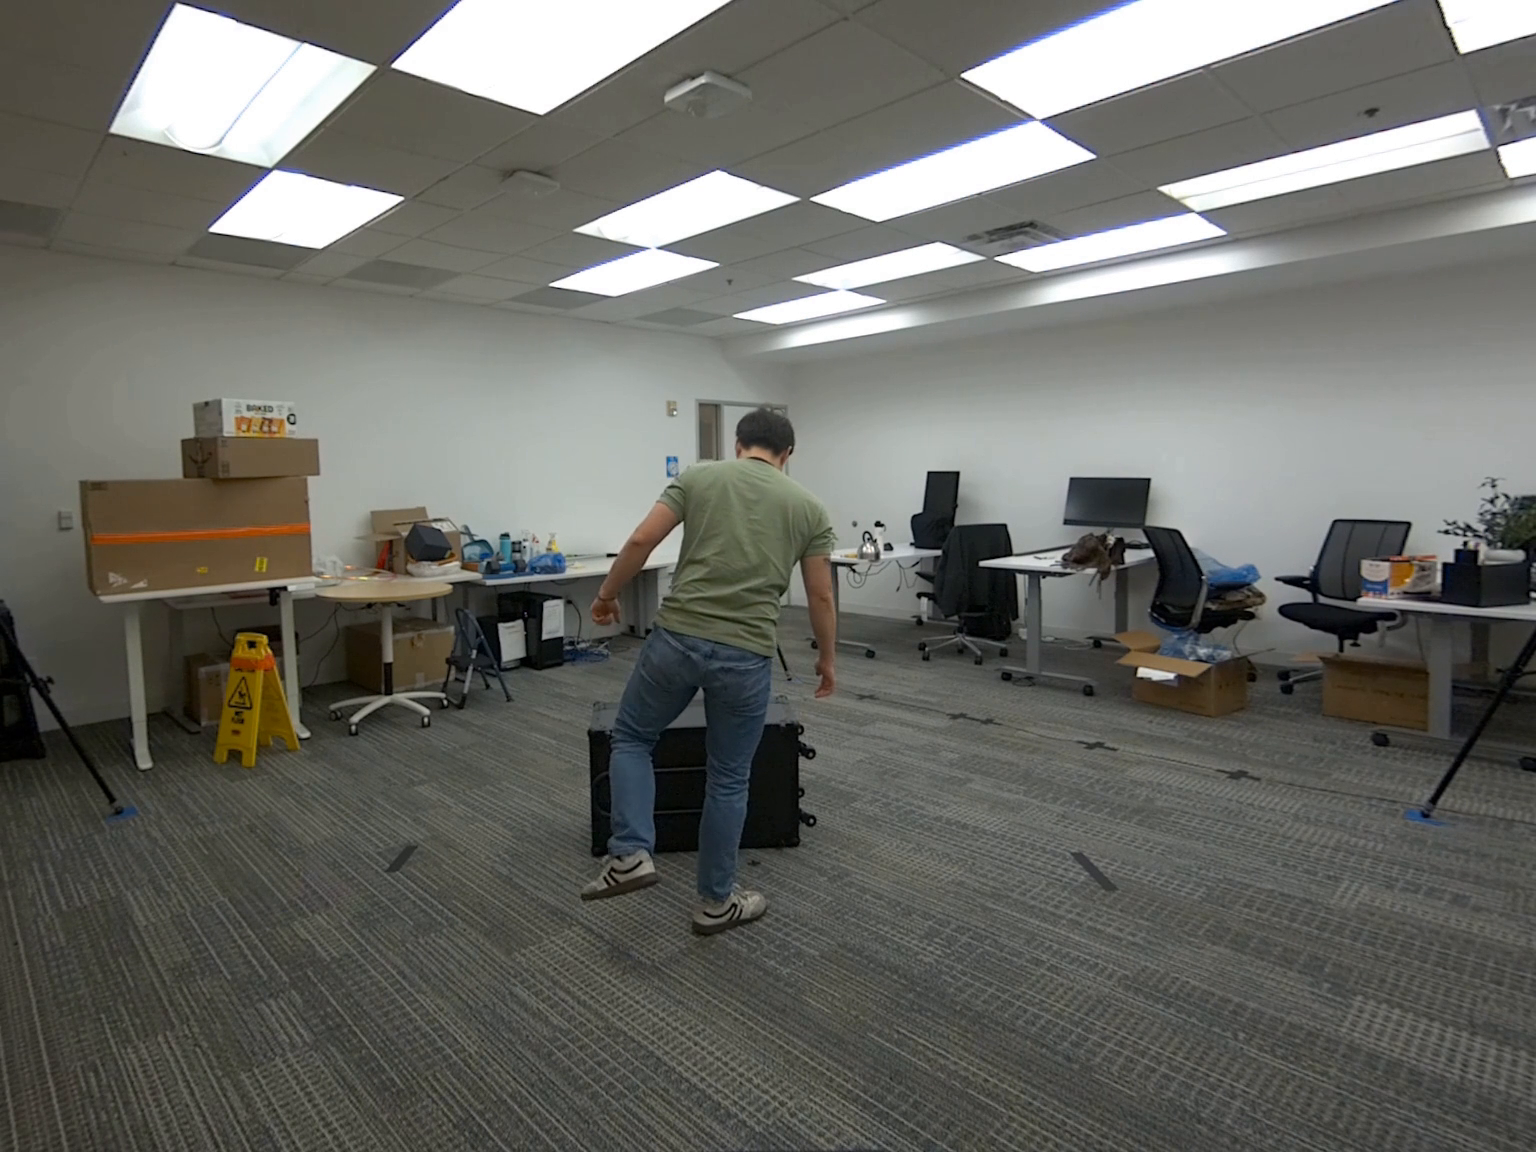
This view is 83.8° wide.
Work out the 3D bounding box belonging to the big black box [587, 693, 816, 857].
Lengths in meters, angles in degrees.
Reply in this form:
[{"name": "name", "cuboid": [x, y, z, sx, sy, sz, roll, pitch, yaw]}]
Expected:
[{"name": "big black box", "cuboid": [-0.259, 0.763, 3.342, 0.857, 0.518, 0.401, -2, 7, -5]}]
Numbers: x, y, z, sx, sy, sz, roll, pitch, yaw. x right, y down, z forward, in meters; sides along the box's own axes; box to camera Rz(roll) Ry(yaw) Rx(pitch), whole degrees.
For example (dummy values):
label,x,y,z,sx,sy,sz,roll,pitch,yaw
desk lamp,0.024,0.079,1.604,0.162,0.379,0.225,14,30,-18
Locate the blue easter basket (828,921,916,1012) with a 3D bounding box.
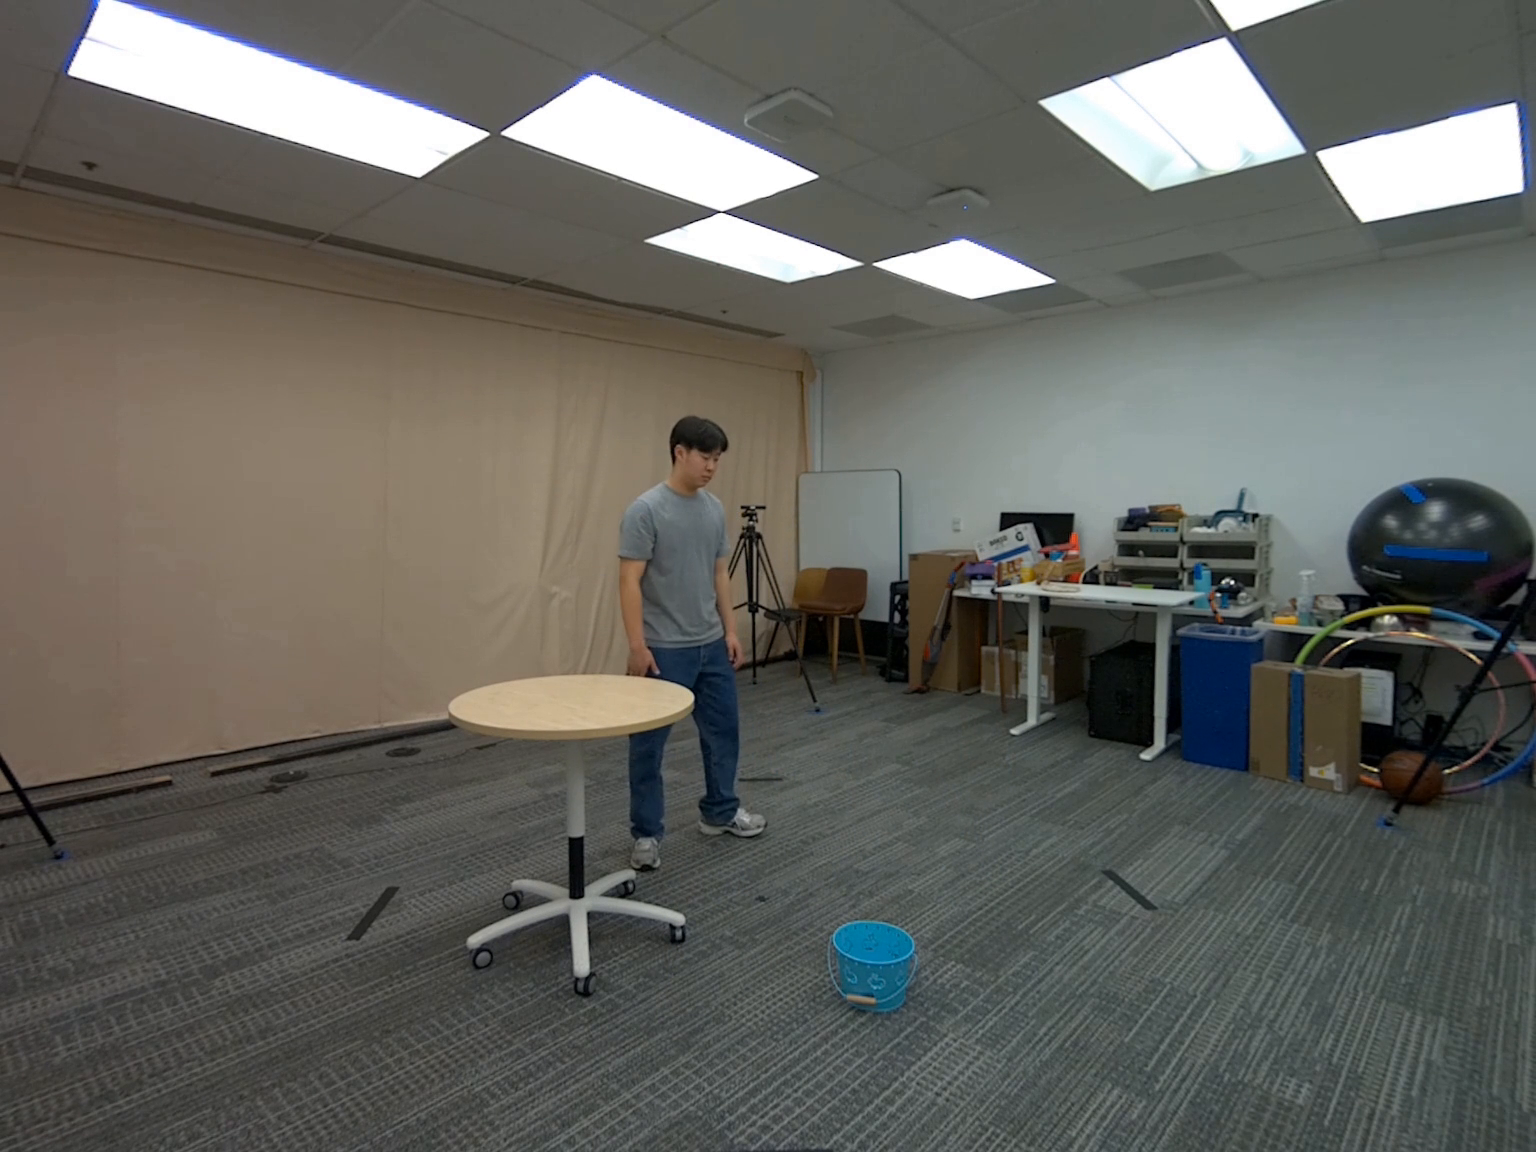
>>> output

**Exercise prompt**
Scan the material and collect every line that contains "pitch".

**Exercise answer**
[{"name": "name", "cuboid": [x, y, z, sx, sy, sz, roll, pitch, yaw]}]
Numbers: x, y, z, sx, sy, sz, roll, pitch, yaw. x right, y down, z forward, in meters; sides along the box's own axes; box to camera Rz(roll) Ry(yaw) Rx(pitch), whole degrees.
label,x,y,z,sx,sy,sz,roll,pitch,yaw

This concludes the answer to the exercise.